### YOUR GOAL
Please copy out the entries below exactly, beginning with the line that contains "436, 474, 569]" and ending with the line that contains "274, 474, 353]", and include nothing outside that span.

********

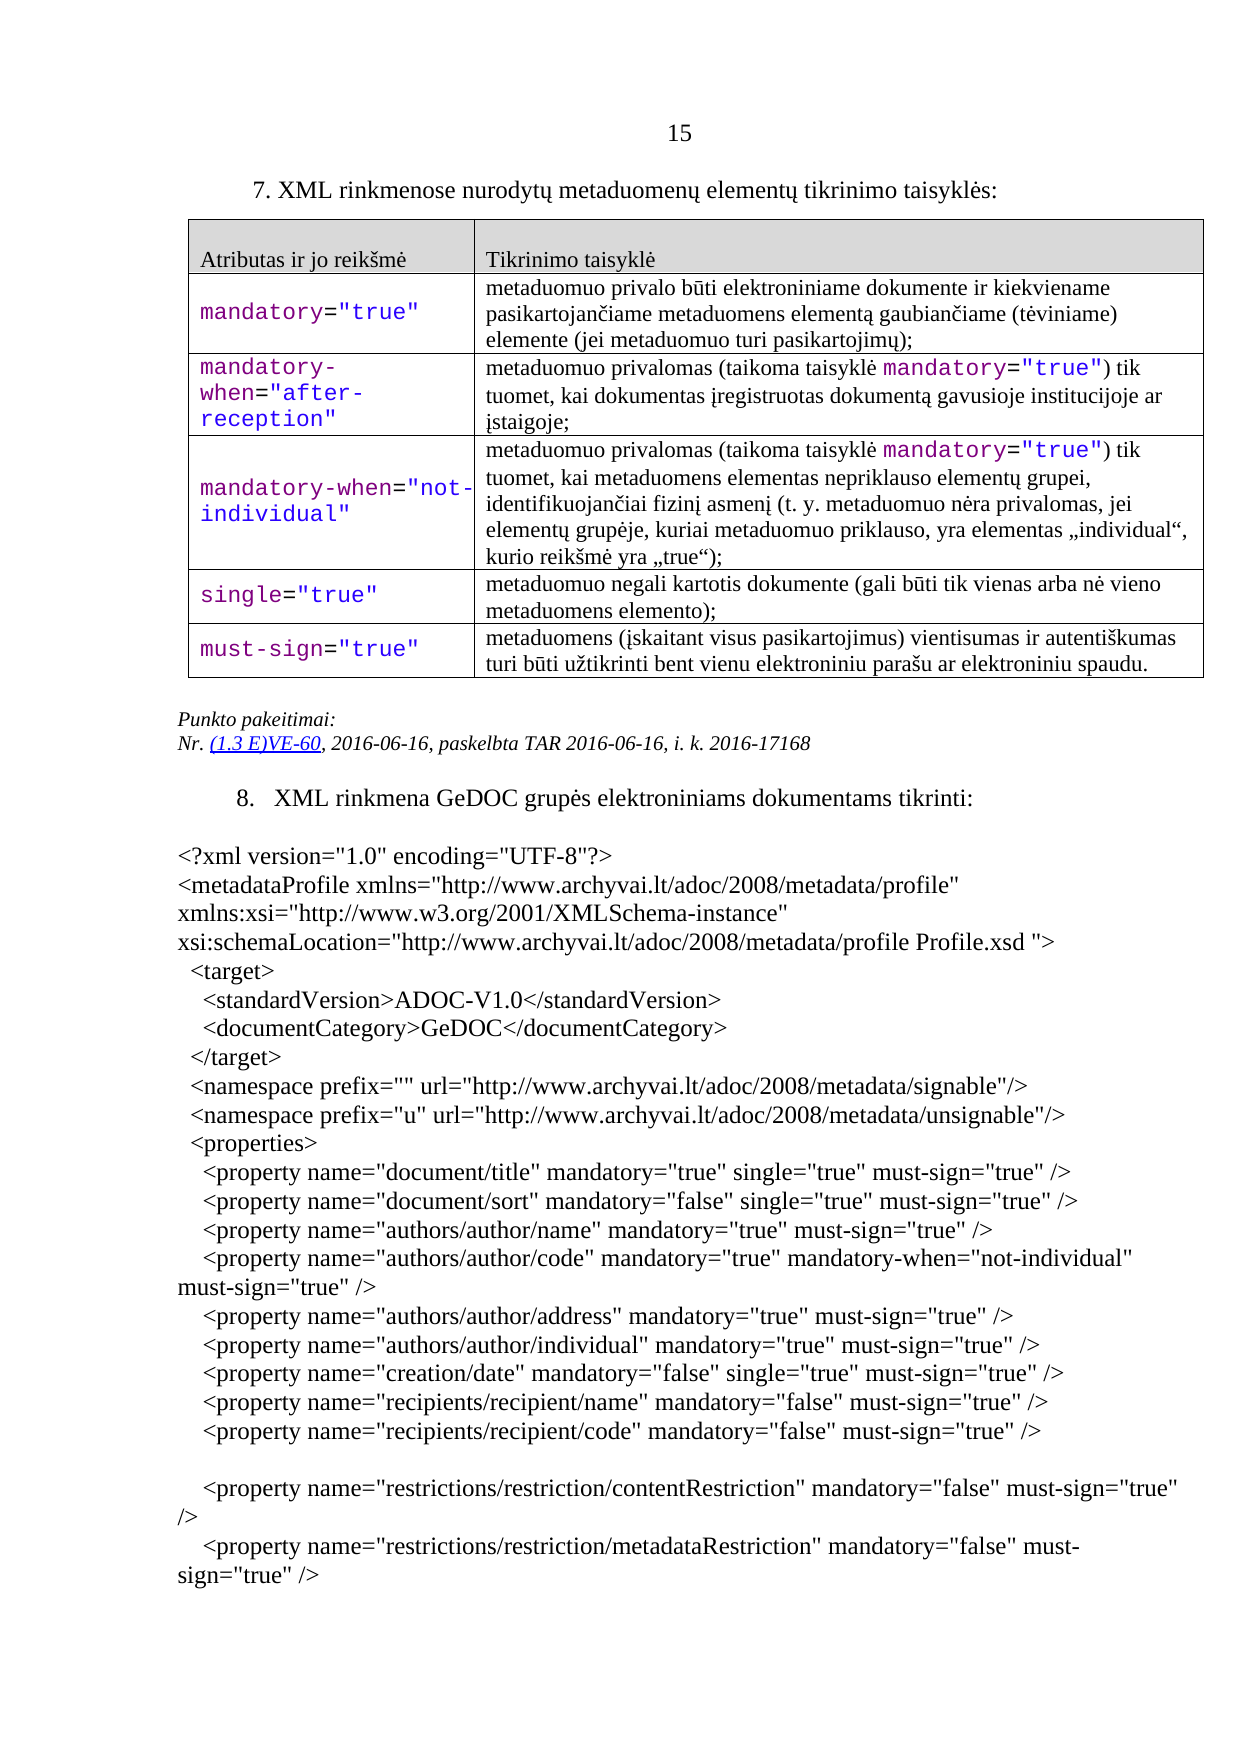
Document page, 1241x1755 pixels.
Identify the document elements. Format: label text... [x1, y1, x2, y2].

text <property name="recipients/recipient/name" mandatory="false" must-sign="true" /> [177, 1387, 1181, 1416]
text <property name="authors/author/individual" mandatory="true" must-sign="true" /> [177, 1330, 1181, 1358]
text <property name="authors/author/name" mandatory="true" must-sign="true" /> [177, 1215, 1181, 1243]
table_cell metaduomens (įskaitant visus pasikartojimus) vientisumas ir autentiškumas turi būti užtikrinti bent vienu elektroniniu parašu ar elektroniniu spaudu. [475, 624, 1203, 677]
text <target> [177, 956, 1181, 985]
text 8. XML rinkmena GeDOC grupės elektroniniams dokumentams tikrinti: [177, 783, 1181, 812]
table_cell mandatory-when="not-individual" [189, 436, 474, 569]
table_header Atributas ir jo reikšmė [189, 220, 474, 272]
table_cell must-sign="true" [189, 624, 474, 677]
text <documentCategory>GeDOC</documentCategory> [177, 1013, 1181, 1042]
text Punkto pakeitimai: [177, 707, 1181, 731]
table_cell mandatory-when="after-reception" [189, 354, 474, 434]
text <?xml version="1.0" encoding="UTF-8"?> [177, 841, 1181, 870]
text </target> [177, 1042, 1181, 1071]
text <property name="restrictions/restriction/metadataRestriction" mandatory="false" must-sign="true" /> [177, 1531, 1181, 1588]
text <property name="document/title" mandatory="true" single="true" must-sign="true" /> [177, 1157, 1181, 1186]
table_cell mandatory="true" [189, 274, 474, 353]
text <standardVersion>ADOC-V1.0</standardVersion> [177, 985, 1181, 1013]
text <namespace prefix="u" url="http://www.archyvai.lt/adoc/2008/metadata/unsignable"/> [177, 1100, 1181, 1128]
text 7. XML rinkmenose nurodytų metaduomenų elementų tikrinimo taisyklės: [177, 176, 1194, 204]
table_cell metaduomuo privalomas (taikoma taisyklė mandatory="true") tik tuomet, kai dokumentas įregistruotas dokumentą gavusioje institucijoje ar įstaigoje; [475, 354, 1203, 434]
table_cell single="true" [189, 570, 474, 623]
text <property name="recipients/recipient/code" mandatory="false" must-sign="true" /> [177, 1416, 1181, 1445]
text <properties> [177, 1128, 1181, 1157]
text <property name="authors/author/address" mandatory="true" must-sign="true" /> [177, 1301, 1181, 1330]
text <metadataProfile xmlns="http://www.archyvai.lt/adoc/2008/metadata/profile" xmlns:xsi="http://www.w3.org/2001/XMLSchema-instance" xsi:schemaLocation="http://www.archyvai.lt/adoc/2008/metadata/profile Profile.xsd "> [177, 870, 1181, 956]
table_cell metaduomuo privalomas (taikoma taisyklė mandatory="true") tik tuomet, kai metaduomens elementas nepriklauso elementų grupei, identifikuojančiai fizinį asmenį (t. y. metaduomuo nėra privalomas, jei elementų grupėje, kuriai metaduomuo priklauso, yra elementas „individual“, kurio reikšmė yra „true“); [475, 436, 1203, 569]
text <property name="document/sort" mandatory="false" single="true" must-sign="true" /> [177, 1186, 1181, 1215]
text <property name="creation/date" mandatory="false" single="true" must-sign="true" /> [177, 1358, 1181, 1387]
text <property name="restrictions/restriction/contentRestriction" mandatory="false" must-sign="true" /> [177, 1473, 1181, 1531]
text Nr. (1.3 E)VE-60, 2016-06-16, paskelbta TAR 2016-06-16, i. k. 2016-17168 [177, 731, 1181, 755]
table_header Tikrinimo taisyklė [475, 220, 1203, 272]
table_cell metaduomuo privalo būti elektroniniame dokumente ir kiekviename pasikartojančiame metaduomens elementą gaubiančiame (tėviniame) elemente (jei metaduomuo turi pasikartojimų); [475, 274, 1203, 353]
table_cell metaduomuo negali kartotis dokumente (gali būti tik vienas arba nė vieno metaduomens elemento); [475, 570, 1203, 623]
text <namespace prefix="" url="http://www.archyvai.lt/adoc/2008/metadata/signable"/> [177, 1071, 1181, 1100]
text <property name="authors/author/code" mandatory="true" mandatory-when="not-individual" must-sign="true" /> [177, 1243, 1181, 1301]

********

### ANSWER TO THE EXERCISE
table_cell mandatory-when="not-individual" [189, 436, 474, 569]
table_header Atributas ir jo reikšmė [189, 220, 474, 272]
table_cell must-sign="true" [189, 624, 474, 677]
text <documentCategory>GeDOC</documentCategory> [177, 1013, 1181, 1042]
text Punkto pakeitimai: [177, 707, 1181, 731]
table_cell mandatory-when="after-reception" [189, 354, 474, 434]
text <?xml version="1.0" encoding="UTF-8"?> [177, 841, 1181, 870]
text </target> [177, 1042, 1181, 1071]
text <property name="restrictions/restriction/metadataRestriction" mandatory="false" must-sign="true" /> [177, 1531, 1181, 1588]
text <property name="document/title" mandatory="true" single="true" must-sign="true" /> [177, 1157, 1181, 1186]
table_cell mandatory="true" [189, 274, 474, 353]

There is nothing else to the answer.